To do this properly, set the vehicle to its desired ride height first. Use a jack or add the weight the vehicle normally carries (passengers, fuel, cargo) to simulate real driving conditions. If you have adjustable spring collars, finalize those settings before measuring. Then measure center-to-center between the upper and lower mounting points. For eyelet-to-eyelet shocks, that’s straightforward. For stud-mounted shocks, measure from the center of the lower mounting point to the lower washer at the upper stud.

This on-vehicle measurement tells you where the shock sits in its travel range at normal ride height, which matters more than most people realize.

Why Stroke Length and Travel Matter

Getting the right extended and collapsed length isn’t just about physical fit. It determines how much travel the shock has in both directions: compression (hitting a bump) and rebound (extending back out). A shock that’s too short for your application might run out of rebound travel. One that’s too long might bottom out under compression.

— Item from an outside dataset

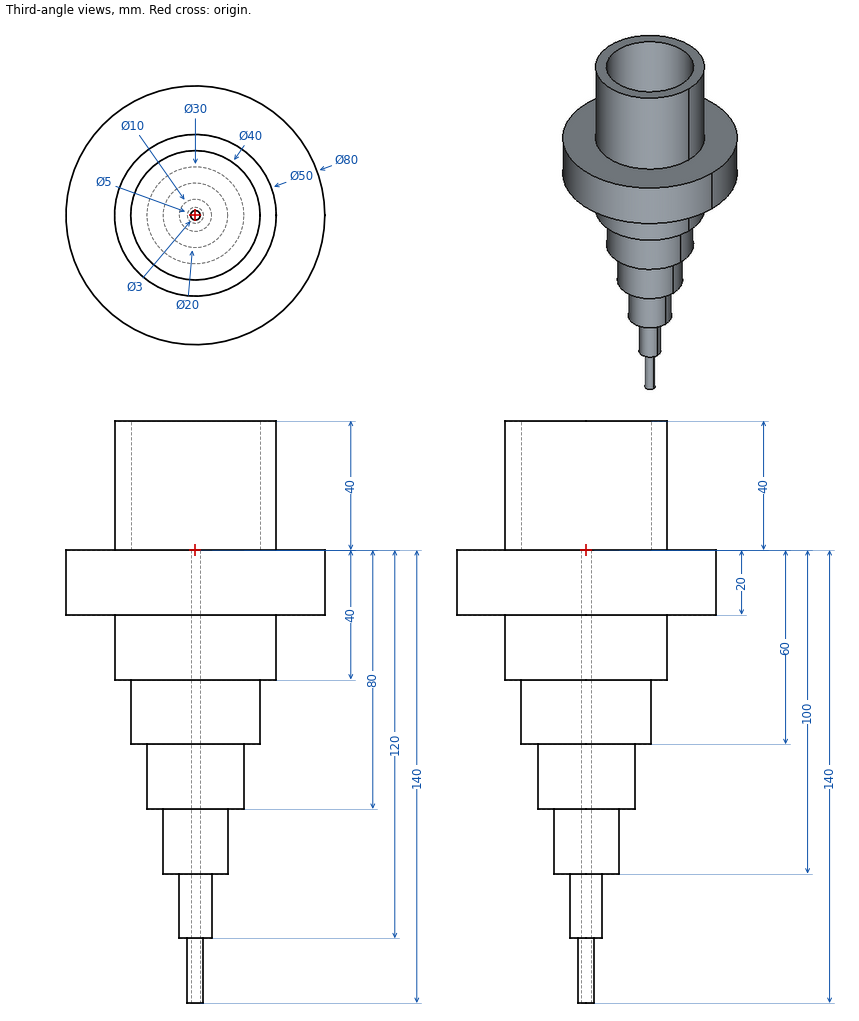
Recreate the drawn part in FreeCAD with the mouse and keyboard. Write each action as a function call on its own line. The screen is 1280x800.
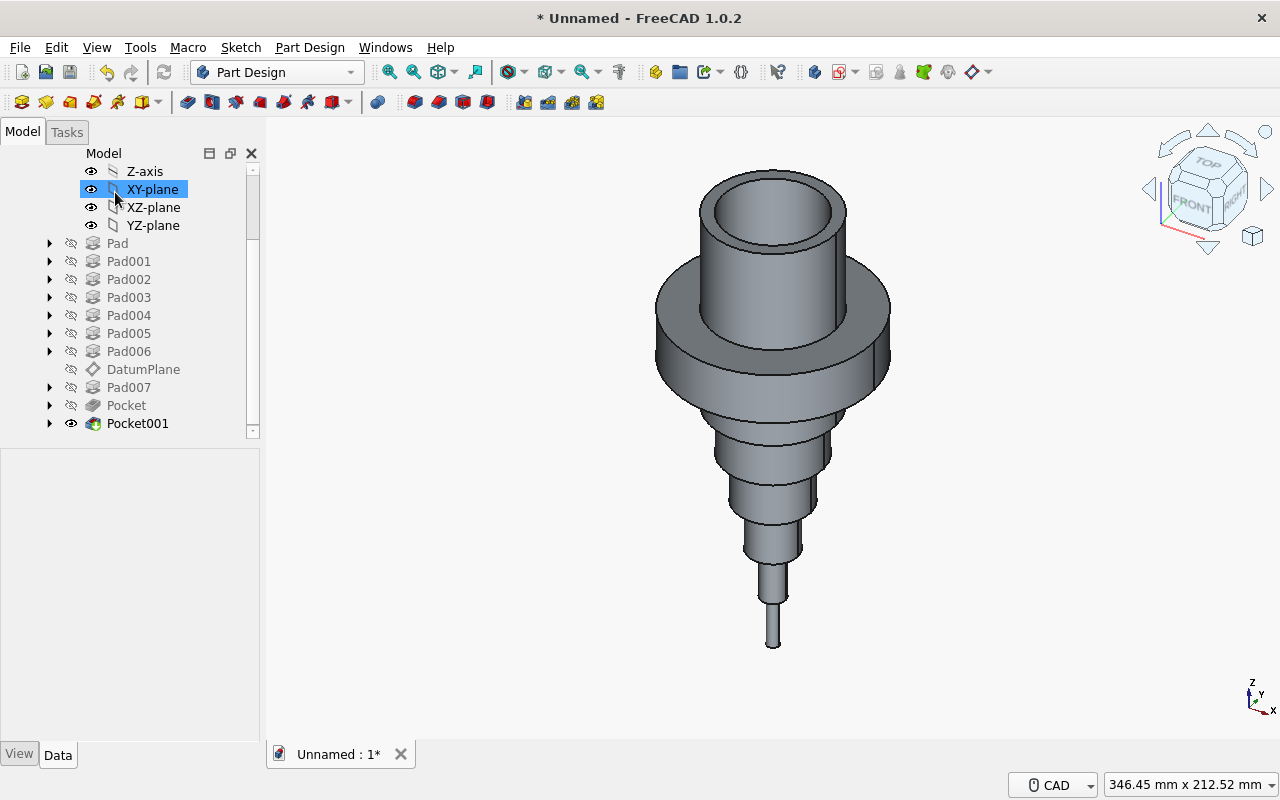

A good rule of thumb is that the shock piston should sit near the middle of its travel range at normal ride height, ideally within the middle third of the total stroke. Here’s a concrete example: if your center-to-center measurement at ride height is 14.5 inches, a shock with a 5-inch stroke works well. That shock would measure about 11.6 inches collapsed and 16.9 inches extended, placing your 14.5-inch ride height right in the sweet spot with room to move in both directions.

Getting this wrong can cause real problems. Consider a setup where the mounting points sit 10.75 inches apart at ride height. A shock that measures 7.88 inches collapsed and 11.00 inches extended would leave only a quarter inch of rebound travel, meaning the shock is nearly topped out just sitting still. A better match would be a shock measuring 8.63 inches collapsed and 12.88 inches extended, giving adequate room for both compression and rebound.

Measuring Gas Struts for Non-Vehicle Applications

Gas shocks on hatches, doors, lids, and cabinets follow the same center-to-center principle, but the process is simpler because you can usually remove the strut by hand. Most lift supports pop off their ball-socket mounts with a flathead screwdriver or a small pry tool.

Once removed, extend the strut fully and measure center-to-center between the ball sockets (or eyelets). Then compress it fully and measure again. Write down both numbers. You’ll also want to note the diameter of the shaft and the cylinder body, since replacement struts need to physically fit the same space. Some applications have tight clearances where a slightly wider cylinder won’t work even if the length is correct.

For lift supports specifically, force rating also matters. Two struts can share identical dimensions but have very different gas pressure inside. If you’re replacing a hatch strut that no longer holds the hatch open, you need both the correct measurements and the correct force rating, usually listed in newtons or pounds on the original strut’s label.

Common Measurement Mistakes

The most frequent error is measuring tip-to-tip instead of center-to-center. Measuring to the very end of a ball socket or the outside edge of an eyelet adds extra length that will throw off your replacement sizing. Always find the center of the mounting hardware on each end.

Another common mistake is measuring a gas strut that’s partially failed. If the shock has lost some pressure, it may not extend to its full original length, giving you a shorter extended measurement than the actual spec. If the strut feels weak or won’t stay open on its own, note that your extended measurement might be shorter than the original. Checking the part number printed on the shock body and looking up the manufacturer’s specs can confirm whether your measurement matches.

Finally, people sometimes forget to measure both lengths. Online retailers and manufacturers list gas shocks by both extended and collapsed dimensions. If you only have one number, you’re guessing on the other, and two shocks with the same extended length can have very different stroke lengths depending on their collapsed measurement.